Para Rui Tato Marinho, este é o momento de se melhorar o que está a ser feito. A DGS pede à saúde pública vigilância e diagnósticos rápidos, para se travar a disseminação da doença, e reforça a insistência na vacinação.

Hepatite A é das menos graves mas das mais contagiosas

O que é a hepatite A?
A hepatite A (VHA) é a forma menos grave da doença, tal como os outros vírus das hepatites (B, C, D e E), também o da A causa uma inflamação aguda no fígado. A  hepatite A “é uma infeção muito contagiosa e pode originar surtos, com pessoas infetadas durante várias semanas ou até meses”.
Quais são os sintomas?
Se a infeção ocorrer na infância, a doença quase não dá sintomas. O mesmo já não acontece quando ocorre em crianças mais velhas e na idade adulta, em que a doença clínica se manifesta em mais de 70% dos casos. Os sintomas podem ser febre, mal-estar, náuseas, vómitos, dor abdominal, falta de apetite, fadiga, urina escura, fezes esbranquiçadas e icterícia (pele e olhos amarelados).
Como se transmite o vírus?
O principal modo de transmissão é por via fecal-oral (contacto de fezes com a boca), através da ingestão de alimentos ou de água contaminados. É importante ter em conta esta via de transmissão no caso de se viajar para locais com saneamento básico deficitário. Mas o vírus também pode ser transmitido por contacto pessoa a pessoa, nomeadamente através do contacto sexual.
Qual o período de incubação e de contágio do vírus?
O período médio de incubação é de 28 dias, variando entre 15 e 50 dias.

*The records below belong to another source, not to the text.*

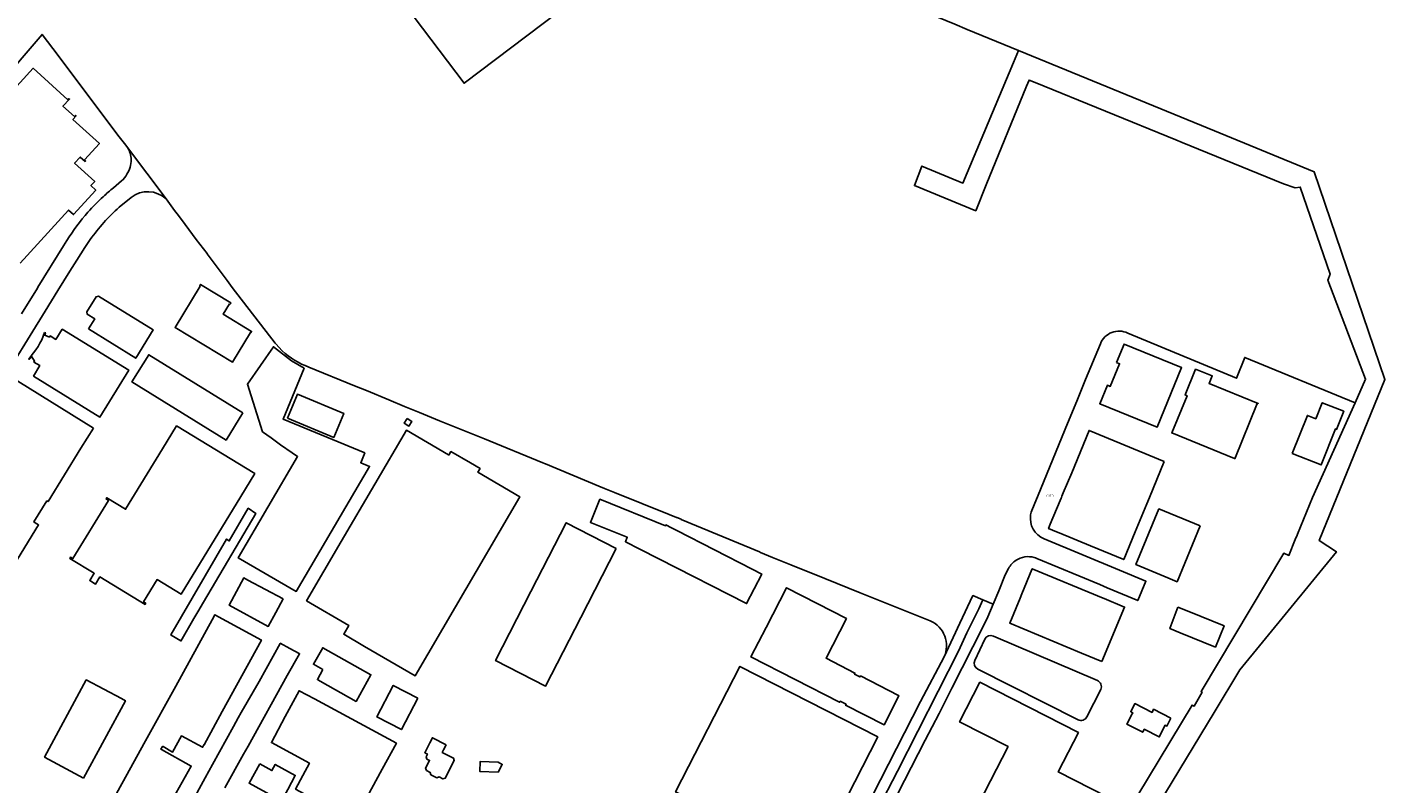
# Model space of a CAD drawing. Extents: x 163074 to 167167, y 441438 to 444019.
# Tile 28 of 49: x 165014 to 165629, y 442520 to 442863. Entities that reach past the tile are written whole.
import ezdxf
from ezdxf.enums import TextEntityAlignment as Align

# ---------------------------------------------------------------- set-up
doc = ezdxf.new("R2010")
doc.units = 0
doc.header["$LTSCALE"] = 4
for name, color, linetype in [('COTD', 7, 'CONTINUOUS'), ('G_BTD', 3, 'CONTINUOUS'), ('G_OTD', 32, 'CONTINUOUS'), ('G_WGD', 7, 'CONTINUOUS')]:
    doc.layers.add(name, color=color, linetype=linetype)
doc.styles.add('ISO', font='ISO')

msp = doc.modelspace()

# ---------------------------------------------------------------- linework, layer by layer
at = {"layer": 'G_BTD', "linetype": 'Continuous', "transparency": 33554687}
for points in [[(165463.226, 442852.242), (165439.886, 442861.815), (165434.262, 442864.121), (165354.977, 442896.64), (165331.373, 442927.858), (165282.868, 442891.182), (165211.726, 442837.389), (165136.099, 442937.409), (165060.428, 443037.487)], [(165463.226, 442852.242), (165460.944, 442846.79), (165437.973, 442792.091), (165419.405, 442799.82), (165416.005, 442790.934), (165443.798, 442779.561), (165448.582, 442791.281), (165466.853, 442836.061), (165467.999, 442838.823), (165470.729, 442837.719), (165534.609, 442811.646), (165537.405, 442810.502), (165583.408, 442791.68), (165588.703, 442789.998), (165590.991, 442790.303), (165604.534, 442750.768), (165603.465, 442747.974), (165620.584, 442703.113), (165615.815, 442692.446)], [(165463.226, 442852.242), (165552.119, 442815.782), (165597.331, 442797.238), (165629.344, 442703.009), (165599.512, 442629.987), (165607.371, 442624.8), (165563.57, 442571.229), (165551.898, 442551.953), (165441.538, 442369.693)]]:
    msp.add_lwpolyline(points, dxfattribs=at)
at = {"layer": 'G_OTD', "linetype": 'Continuous', "transparency": 33554687}
for points in [[(164938.276, 442762.664), (164960.42, 442788.907), (164963.685, 442792.756), (164968.056, 442797.91), (165000, 442835.571), (165011.309, 442848.905), (165020.306, 442859.512), (165025.131, 442853.102), (165055.261, 442813.078), (165058.324, 442809.225), (165059.065, 442808.25)], [(165000, 442826.339), (165016.231, 442844.195), (165031.953, 442829.904), (165032.501, 442830.458), (165032.756, 442830.207), (165029.789, 442826.969), (165034.989, 442822.241), (165035.479, 442822.782), (165035.725, 442822.54), (165034.31, 442820.982), (165046.333, 442810.065), (165039.535, 442802.641), (165040.061, 442802.157), (165039.82, 442801.895), (165037.6, 442803.912), (165035.065, 442801.122), (165044.175, 442792.847), (165042.437, 442790.938), (165044.678, 442788.897), (165034.581, 442777.797), (165032.333, 442779.844), (165010.337, 442755.692)], [(165076.537, 442784.871), (165080.438, 442779.633), (165081.562, 442778.14), (165083.521, 442775.536), (165090.274, 442766.558), (165095.151, 442760.074), (165095.174, 442760.043), (165104.29, 442747.925), (165106.597, 442744.716), (165126.059, 442719.403), (165126.263, 442719.186), (165129.234, 442716.02)], [(165105.386, 442737.312), (165102.51, 442732.552), (165115.335, 442724.802), (165114.973, 442724.203), (165114.801, 442724.306), (165106.639, 442710.798), (165080.609, 442726.528), (165092.011, 442745.395), (165091.84, 442745.499), (165092.202, 442746.098), (165105.92, 442737.807), (165105.558, 442737.208), (165105.386, 442737.312)], [(165041.441, 442725.895), (165044.218, 442730.453), (165040.817, 442732.559), (165040.549, 442733.701), (165044.796, 442740.548), (165045.941, 442740.831), (165070.735, 442725.447), (165062.81, 442712.648), (165041.441, 442725.895)], [(165014.166, 442712.368), (165014.471, 442712.064), (165015.691, 442713.288), (165016.906, 442711.316), (165016.603, 442710.844), (165019.255, 442709.288), (165016.45, 442704.507), (165046.558, 442685.933), (165059.644, 442707.247), (165029.474, 442725.768), (165026.511, 442721.16), (165023.911, 442722.728), (165023.646, 442722.217), (165021.553, 442723.133), (165021.867, 442724.161), (165021.438, 442724.269)], [(165615.815, 442692.446), (165565.802, 442712.993), (165562.04, 442703.577), (165512.791, 442724.041)], [(165128.453, 442673.368), (165124.203, 442676.445), (165120.263, 442679.297), (165113.483, 442700.933), (165125.278, 442717.839), (165133.385, 442711.455), (165139.175, 442708.082), (165129.655, 442684.948), (165166.696, 442669.682), (165164.855, 442665.195), (165168.844, 442663.539), (165135.606, 442606.835), (165109.273, 442622.021), (165136.227, 442668.004), (165133.72, 442669.733), (165133.711, 442669.74), (165128.453, 442673.368)], [(165500.308, 442719.205), (165493.608, 442702.908), (165489.576, 442693.074), (165485.448, 442683.005), (165473.512, 442653.892), (165473.155, 442653.023), (165469.295, 442643.608), (165468.988, 442642.859)], [(165507.674, 442710.635), (165511.097, 442719.034), (165537.126, 442708.375), (165526.058, 442681.347), (165500.062, 442691.99), (165503.487, 442700.367), (165504.811, 442699.826), (165509.009, 442710.091), (165507.674, 442710.635)], [(165111.399, 442687.84), (165103.762, 442675.489), (165061.095, 442701.872), (165068.732, 442714.223), (165111.399, 442687.84)], [(165423.176, 442593.509), (165391.427, 442606.227), (165375.282, 442612.695), (165359.975, 442618.827), (165351.619, 442622.269), (165346.213, 442624.534), (165345.689, 442624.753), (165310.229, 442639.525), (165310.125, 442639.568), (165308.213, 442640.304), (165308.078, 442640.356), (165304.683, 442641.665), (165280.001, 442651.638), (165275.381, 442653.569), (165272.817, 442654.64), (165248.63, 442664.748), (165248.168, 442664.941), (165247.508, 442665.217), (165220.932, 442676.029), (165200.638, 442684.286), (165191.545, 442687.949), (165184.753, 442690.758), (165177.645, 442693.684), (165167.468, 442697.925), (165161.997, 442700.159), (165141.256, 442708.631)], [(165571.867, 442691.893), (165571.497, 442692.044), (165561.279, 442667.052), (165561.14, 442667.109), (165532.704, 442678.735), (165539.615, 442695.615), (165538.725, 442695.979), (165543.5, 442707.66), (165551.04, 442704.578), (165549.647, 442701.171), (165571.935, 442692.059), (165571.867, 442691.893)], [(165009.262, 442702.249), (165043.581, 442680.881)], [(165131.61, 442685.414), (165136.138, 442696.311), (165157.163, 442687.574), (165152.635, 442676.677), (165131.61, 442685.414)], [(165587.353, 442669.428), (165594.237, 442686.671), (165598.029, 442685.157), (165600.939, 442692.447), (165610.705, 442688.549), (165607.422, 442680.325), (165606.93, 442680.521), (165600.419, 442664.212), (165587.353, 442669.428)], [(165596.584, 442649.434), (165615.815, 442692.446)], [(165185.865, 442685.235), (165187.984, 442683.952), (165186.694, 442681.822), (165184.575, 442683.104), (165185.865, 442685.235)], [(165043.581, 442680.881), (165037.953, 442671.765), (165023.033, 442647.601), (165022.507, 442647.925), (165016.598, 442638.346), (165017.172, 442637.991), (165018.759, 442637.009), (165009.136, 442621.462)], [(165067.385, 442601.439), (165067.062, 442600.91), (165046.562, 442613.447), (165044.553, 442610.163), (165041.934, 442611.765), (165043.943, 442615.049), (165032.861, 442621.826), (165033.19, 442622.364), (165034.273, 442621.701), (165050.437, 442648.13), (165049.354, 442648.793), (165049.677, 442649.322), (165058.208, 442644.104), (165074.944, 442671.469), (165081.321, 442681.897), (165116.764, 442660.286), (165110.41, 442649.871), (165083.356, 442605.522), (165072.511, 442612.216), (165066.319, 442602.091), (165067.385, 442601.439)], [(165155.964, 442629.41), (165171.226, 442655.49), (165185.534, 442679.941), (165204.636, 442668.802), (165204.77, 442668.687), (165205.715, 442670.296), (165214.624, 442665.104), (165218.951, 442662.582), (165217.981, 442660.93), (165236.963, 442649.785), (165207.762, 442599.775), (165189.493, 442568.488), (165166.571, 442581.872), (165157.161, 442587.366), (165159.501, 442591.373), (165140.275, 442602.599), (165155.964, 442629.41)], [(165529.32, 442665.729), (165522.572, 442649.438), (165521.393, 442646.591), (165516.151, 442633.916), (165510.908, 442621.241), (165495.795, 442627.495), (165481.572, 442633.381), (165480.42, 442633.858), (165476.792, 442635.36), (165477.611, 442637.335), (165482.046, 442648.034), (165482.505, 442649.142), (165482.617, 442649.412), (165482.867, 442650.014), (165483.48, 442651.493), (165487.3, 442660.707), (165495.23, 442679.85), (165529.32, 442665.729)], [(165300.101, 442621.544), (165291.441, 442625.955), (165284.892, 442629.404), (165285.706, 442631.425), (165269.054, 442638.156), (165273.31, 442648.685), (165303.079, 442636.652), (165303.267, 442637.024), (165305.811, 442635.72), (165308.174, 442634.509), (165342.364, 442616.986), (165346.764, 442614.731), (165339.872, 442601.284), (165300.101, 442621.544)], [(165412.612, 442341.135), (165441.765, 442389.312), (165472.425, 442439.978), (165472.922, 442440.8), (165541.879, 442555.233), (165542.916, 442554.796), (165546.476, 442561.198), (165545.959, 442561.416), (165583.513, 442624.137), (165585.807, 442623.185), (165588.737, 442630.322), (165589.585, 442632.387), (165589.759, 442632.812), (165596.584, 442649.434)], [(165078.806, 442587.013), (165078.671, 442587.095), (165103.963, 442630.603), (165105.237, 442629.773), (165113.811, 442644.53), (165117.218, 442642.232), (165117.22, 442642.231), (165093.583, 442601.987), (165090.952, 442597.508), (165089.193, 442594.514), (165083.212, 442584.331), (165083.179, 442584.351), (165078.806, 442587.013)], [(165545.562, 442636.561), (165535.096, 442611.25), (165530.951, 442612.965), (165516.415, 442618.979), (165526.873, 442644.29), (165545.562, 442636.561)], [(165280.652, 442626.292), (165264.629, 442595.044), (165248.607, 442563.796), (165226.014, 442575.45), (165242.041, 442606.733), (165258.067, 442638.016), (165280.652, 442626.292)], [(165474.832, 442630.697), (165508.937, 442616.506), (165520.999, 442611.486), (165517.291, 442602.649), (165503.453, 442608.407), (165500.145, 442609.931), (165471.531, 442621.798)], [(165451.663, 442601.074), (165454.225, 442607.089), (165457.161, 442614.305), (165458.698, 442617.22)], [(165501.037, 442575.063), (165491.796, 442578.894), (165459.193, 442592.399), (165463.912, 442603.784), (165464.752, 442605.811), (165469.293, 442616.766), (165469.436, 442617.11), (165501.554, 442603.794), (165502.04, 442603.593), (165511.278, 442599.763), (165501.037, 442575.063)], [(165129.692, 442603.403), (165126.311, 442597.207), (165122.901, 442590.958), (165105.223, 442600.529), (165111.784, 442612.93), (165113.603, 442611.962), (165129.692, 442603.403)], [(165388.7, 442569.346), (165388.738, 442569.327), (165391.273, 442568.022), (165391.559, 442568.478), (165408.774, 442559.627), (165408.951, 442559.536), (165402.187, 442546.267), (165384.745, 442555.173), (165385.027, 442555.625), (165382.35, 442557.004), (165382.046, 442556.519), (165341.828, 442577.088), (165348.712, 442590.458), (165358.01, 442608.517), (165371.817, 442601.408), (165385.153, 442594.542), (165375.878, 442576.525), (165388.986, 442569.802), (165388.7, 442569.346)], [(165535.521, 442599.734), (165540.401, 442597.752), (165556.41, 442591.25), (165552.487, 442581.588), (165536.477, 442588.081), (165531.889, 442589.954), (165535.521, 442599.734)], [(165045.797, 442500), (165067.287, 442539.119), (165080.911, 442563.917), (165097.431, 442593.989)], [(165097.431, 442593.989), (165098.691, 442596.283), (165119.789, 442584.738), (165102.061, 442552.343), (165093.828, 442537.298), (165093.768, 442537.326), (165093.093, 442536.104), (165083.53, 442541.316), (165083.499, 442541.259), (165079.541, 442533.967), (165075.166, 442536.412), (165074.958, 442536.528), (165074.229, 442535.238), (165074.438, 442535.121), (165087.954, 442527.563), (165076.989, 442508.135)], [(165451.778, 442586.595), (165498.961, 442566.421)], [(165147.623, 442571.47), (165143.414, 442573.773), (165147.581, 442581.258), (165169.446, 442569.039), (165162.766, 442556.949), (165146.436, 442566.156), (165145.172, 442566.868), (165147.623, 442571.47)], [(165443.336, 442575.51), (165447.888, 442585.12)], [(165378.469, 442500), (165370.218, 442483.87), (165338.685, 442500), (165307.666, 442515.867), (165336.798, 442572.818), (165399.35, 442540.82), (165378.469, 442500)], [(165490.195, 442548.613), (165444.697, 442571.547)], [(165039.028, 442522.094), (165021.483, 442531.667), (165040.315, 442566.689), (165056.347, 442558.183), (165058.098, 442557.254), (165039.028, 442522.094)], [(165161.778, 442502.833), (165135.3, 442517.168), (165138.566, 442523.287), (165141.56, 442528.898), (165124.321, 442538.234), (165130.618, 442550.019), (165136.916, 442561.804), (165143.865, 442558.045), (165181.036, 442537.939), (165174.634, 442526.139), (165161.942, 442502.745), (165161.778, 442502.833)], [(165190.674, 442558.434), (165183.283, 442544.14), (165172.189, 442549.876), (165179.58, 442564.17), (165190.674, 442558.434)], [(165439.737, 442500), (165458.439, 442536.409), (165436.466, 442547.639), (165445.671, 442565.65), (165490.384, 442542.798), (165481.25, 442524.927), (165503.47, 442513.571), (165496.493, 442500), (165481.247, 442470.345), (165470.858, 442475.652), (165467.681, 442477.275), (165436.298, 442493.304), (165436.751, 442494.186), (165439.737, 442500)], [(165500.46, 442562.312), (165494.225, 442549.942)], [(165532.343, 442549.321), (165532.048, 442548.743), (165530.512, 442545.737), (165529.699, 442546.152), (165526.985, 442540.835), (165520.223, 442544.287), (165519.535, 442542.94), (165512.353, 442546.606), (165514.763, 442551.328), (165515.011, 442551.813), (165514.13, 442552.263), (165516.008, 442555.939), (165523.767, 442551.975), (165524.467, 442553.345), (165532.343, 442549.321)], [(165203.589, 442537.282), (165202.414, 442534.96), (165201.825, 442533.808), (165206.899, 442531.227), (165207.256, 442530.168), (165203.194, 442522.153), (165202.129, 442521.786), (165200.404, 442522.651), (165199.313, 442522.305), (165196.687, 442523.64), (165196.318, 442524.715), (165194.626, 442525.592), (165194.27, 442526.653), (165196.057, 442530.161), (165194.858, 442530.772), (165194.499, 442531.845), (165195.107, 442533.033), (165193.876, 442533.665), (165196.183, 442538.113), (165197.358, 442540.435), (165203.589, 442537.282)], [(165119.053, 442528.664), (165124.59, 442525.574), (165126.037, 442528.372), (165135.174, 442523.365), (165131.762, 442516.926), (165128.932, 442511.772), (165125.017, 442513.921), (165114.228, 442519.843), (165119.053, 442528.664)], [(165227.226, 442529.3), (165229.056, 442528.326), (165227.163, 442524.768), (165218.84, 442525.16), (165219.053, 442529.684), (165227.226, 442529.3)]]:
    msp.add_lwpolyline(points, dxfattribs=at)
for points in [[(165014.166, 442712.368, 0.1164644), (165021.438, 442724.269)], [(165512.791, 442724.041, 0.431393), (165500.308, 442719.205)], [(165141.256, 442708.631, -0.104221), (165129.234, 442716.02)], [(165468.679, 442641.53, 0.3518114), (165474.832, 442630.697)], [(165468.988, 442642.859, 0.0339492), (165468.679, 442641.53)], [(165462.091, 442620.977, 0.1286654), (165458.698, 442617.22)], [(165470.293, 442622.237, 0.2172686), (165462.091, 442620.977)], [(165471.531, 442621.798, 0.0329809), (165470.293, 442622.237)], [(165429.439, 442577.089, 0.4134694), (165423.176, 442593.509)], [(165447.888, 442585.12, -0.4031543), (165451.778, 442586.595)], [(165444.697, 442571.547, -0.4068003), (165443.336, 442575.51)], [(165500.46, 442562.312, 0.4326797), (165498.961, 442566.421)], [(165494.225, 442549.942, -0.4142623), (165490.195, 442548.613)]]:
    msp.add_lwpolyline(points, format="xyb", dxfattribs=at)
at = {"layer": 'G_WGD', "linetype": 'Continuous', "transparency": 33554687}
for points in [[(165059.065, 442808.25, -0.1244369), (165060.781, 442802.736)], [(165060.781, 442802.736, -0.1237025), (165058.832, 442796.067)], [(165058.832, 442796.067, -0.0981218), (165056.381, 442793.036)], [(165052.641, 442790.003, 0.0123639), (165048.022, 442785.888)], [(165048.022, 442785.888, 0.0197539), (165041.11, 442778.879)], [(165060.712, 442785.616, -0.3723842), (165076.537, 442784.871)], [(165041.11, 442778.879, 0.0428105), (165031.572, 442766.02)], [(165042.136, 442766.479, -0.0551805), (165055.321, 442781.111)]]:
    msp.add_lwpolyline(points, format="xyb", dxfattribs=at)
for points in [[(165076.537, 442784.871), (165059.065, 442808.25)], [(165056.381, 442793.036), (165052.641, 442790.003)], [(165055.321, 442781.111), (165060.712, 442785.616)], [(164946.462, 442611.93), (164948.857, 442615.823), (164949.908, 442617.53), (164958.139, 442630.907), (164983.715, 442672.472), (164985.611, 442675.728), (165000, 442698.948), (165021.73, 442734.021), (165027.474, 442743.293), (165032.966, 442752.147), (165036.004, 442757.049), (165039.704, 442762.895), (165042.136, 442766.479)], [(165010.994, 442732.746), (165018.244, 442744.469), (165018.448, 442744.8), (165030.076, 442763.602), (165031.572, 442766.02)], [(165429.439, 442577.089), (165436.632, 442592.394), (165442.538, 442604.961), (165446.935, 442603.088)], [(165331.123, 442372.039), (165336.895, 442387.298), (165408.301, 442525.27), (165435.977, 442579.748), (165439.746, 442588.087), (165445.182, 442598.966), (165446.935, 442603.088)], [(165339.643, 442380.339), (165339.87, 442381.052), (165340.168, 442381.738), (165342.269, 442385.854), (165368.126, 442436.006), (165391.34, 442481.616), (165396.69, 442492.127), (165396.952, 442492.637), (165400.732, 442500), (165405.15, 442508.607), (165420.902, 442539.294), (165427.143, 442551.451), (165427.603, 442552.346), (165433.017, 442562.894), (165447.158, 442590.948), (165448.263, 442593.142), (165448.392, 442593.397), (165449.221, 442595.343), (165451.663, 442601.074)], [(165446.935, 442603.088), (165451.663, 442601.074)], [(165082.158, 442500), (165094.244, 442522.268), (165097.561, 442528.261), (165107.169, 442545.618), (165109.271, 442549.416), (165110.655, 442551.916), (165118.735, 442565.961), (165128.283, 442583.211), (165128.338, 442583.311), (165132.707, 442580.966), (165136.942, 442578.692), (165137.075, 442578.621), (165137.005, 442578.496), (165131.491, 442568.73), (165113.774, 442536.699), (165111.687, 442532.926), (165103.261, 442517.712)], [(165429.439, 442577.089), (165418.79, 442556.852), (165389.754, 442500), (165377.601, 442476.381), (165377.564, 442476.31), (165376.249, 442473.737), (165356.301, 442434.974), (165345.465, 442413.999), (165343.855, 442410.882), (165334.18, 442391.767), (165333.206, 442389.86), (165329.973, 442383.678), (165328.6, 442381.473)]]:
    msp.add_lwpolyline(points, dxfattribs=at)

# ---------------------------------------------------------------- texts
at = {"layer": 'COTD', "transparency": 33554687, "style": 'ISO'}
msp.add_text('COTD', height=0.9, dxfattribs=at).set_placement((165477.453, 442650.229), align=Align.MIDDLE_CENTER)

doc.saveas('drawing.dxf')

Quanto ao contágio, o vírus vai sendo eliminado nas fezes, em elevadas concentrações, entre  duas e três semanas antes e até uma semana após os primeiros  sintomas.
E  os comportamentos de risco?
Os comportamentos de risco estão associados ao consumo de alimentos mal lavados ou mal cozinhados, como carne, ovos, legumes, marisco, fruta, não lavar as mãos após a utilização da casa de banho, mudar fraldas antes de preparar os alimentos.
Como se pode prevenir?
A principal forma de prevenção é a vacinação, mas  são aconselhadas medidas que visem reforçar a higiene pessoal, familiar e doméstica e sobretudo a confeção de alimentos, como lavar e desinfetar as mãos frequentemente, beber água potável ou engarrafada, cozinhar bem os alimentos, nomeadamente carne, legumes e ovos, lavar e desinfetar bem os alimentos crus antes de os consumir.